Ordered type, which is used by data sources that require the order in which data is excreted. You can specify collation rules to reorder data sources when changes occur. For example, the session list is in reverse order based on the creation time, and the group list is in ascending order based on the creation time.

Cache cleaning policies should be implemented to avoid unreasonable usage of memory. For example, when iOS receives a memory warning, the cache will be released.

The data flow

The figure above illustrates the entire process of network data acquisition, warehousing, and UI refresh.

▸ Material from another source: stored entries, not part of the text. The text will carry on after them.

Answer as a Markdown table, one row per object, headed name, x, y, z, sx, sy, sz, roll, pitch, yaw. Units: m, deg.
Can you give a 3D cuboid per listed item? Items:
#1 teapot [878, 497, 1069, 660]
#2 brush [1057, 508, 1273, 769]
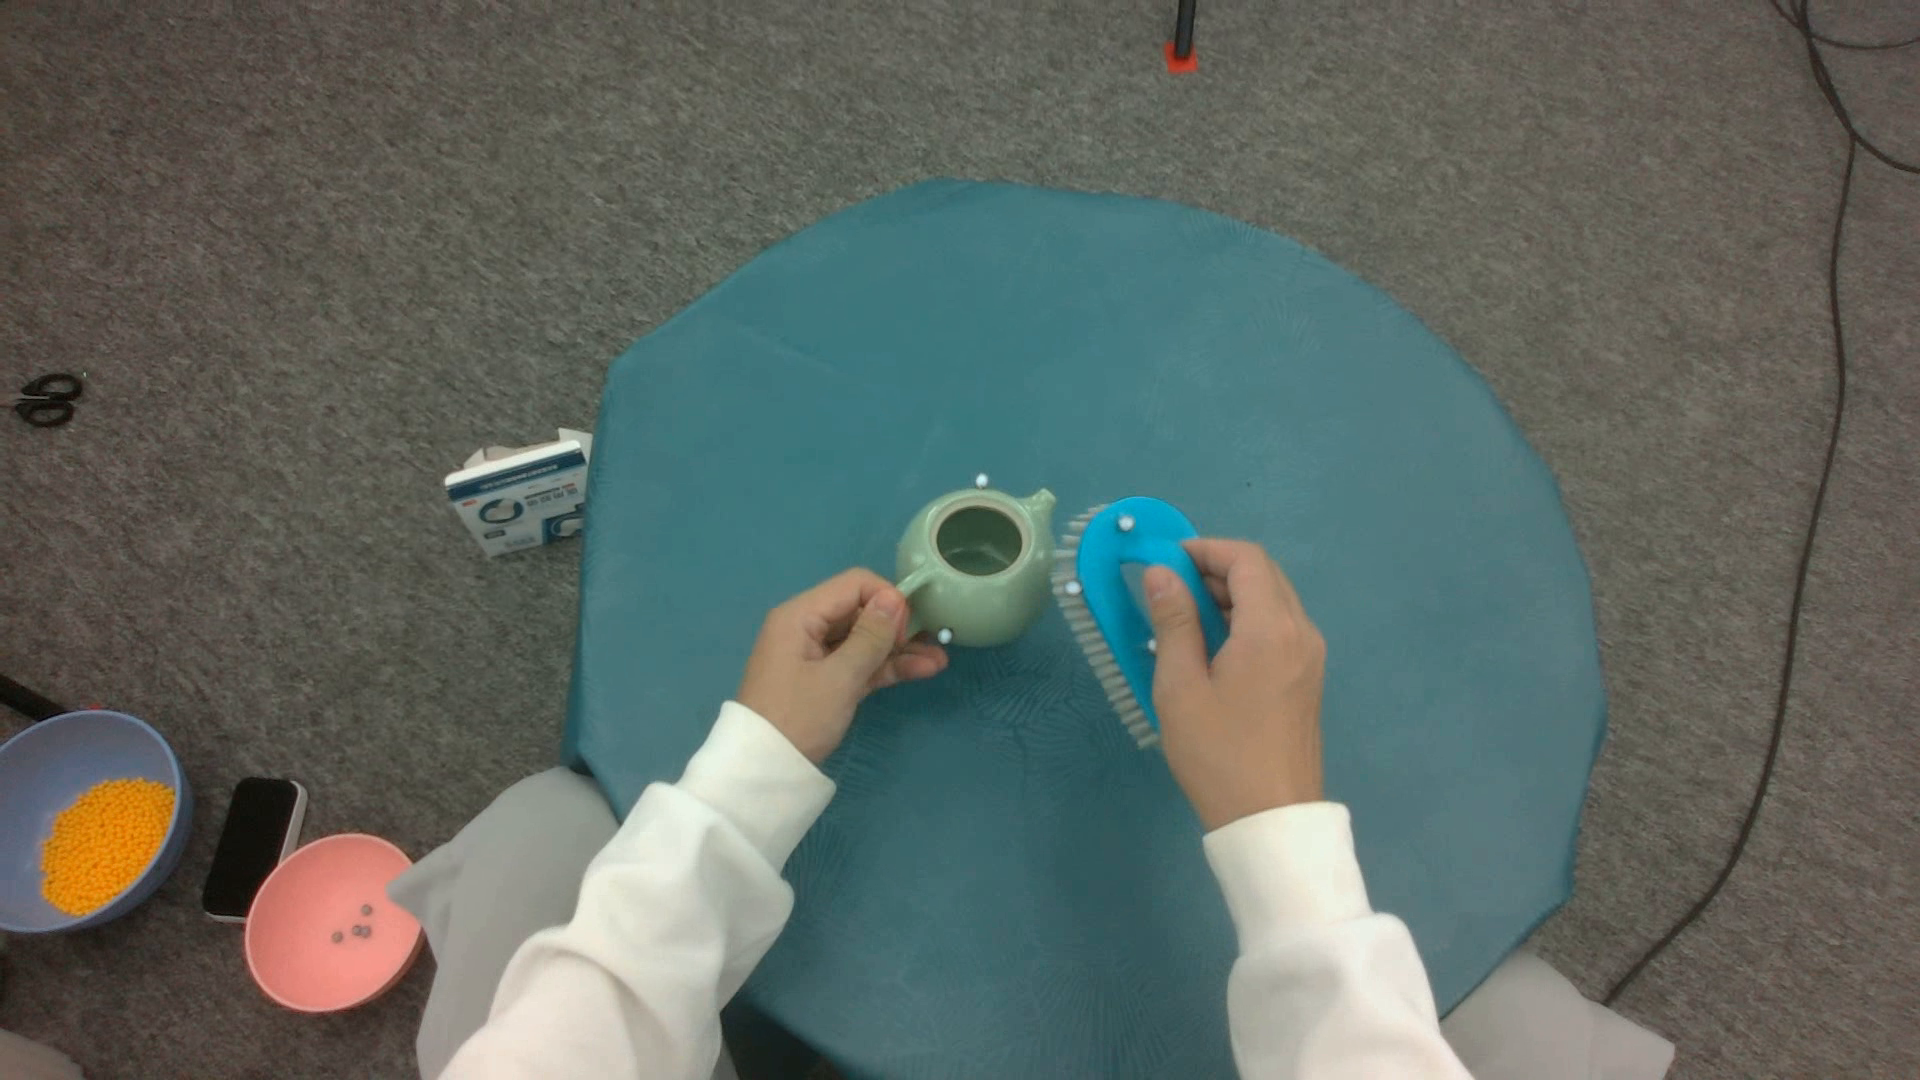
| name | x | y | z | sx | sy | sz | roll | pitch | yaw |
| --- | --- | --- | --- | --- | --- | --- | --- | --- | --- |
| teapot | 0.009 | 0.026 | 0.763 | 0.129 | 0.060 | 0.091 | -31 | 61 | -19 |
| brush | 0.113 | 0.046 | 0.693 | 0.084 | 0.063 | 0.142 | -29 | 93 | -28 |

  1. The data requester receives the IM message, transforms it into a data model, and stores the data to the persistence manager.
  2. The persistence manager stores the data in the persistence cache and triggers data-preprocessing plug-ins (such as recent chat updates to the session model).
  3. The persistence manager invokes the abstract database to store the IM message data.
  4. When the data store is complete, the data Change Notification Center notifying observers of the changes (for example, playing an announcement that a new message has been received).
  5. The UI data source receives the data notification, transforms the data model into the UI model, and finally refreshes the UI.

PS: When the data store reaches a high I/O state, the UI will be refreshed frequently due to the use of notification refresh logic, pay attention to the throttling of UI refresh.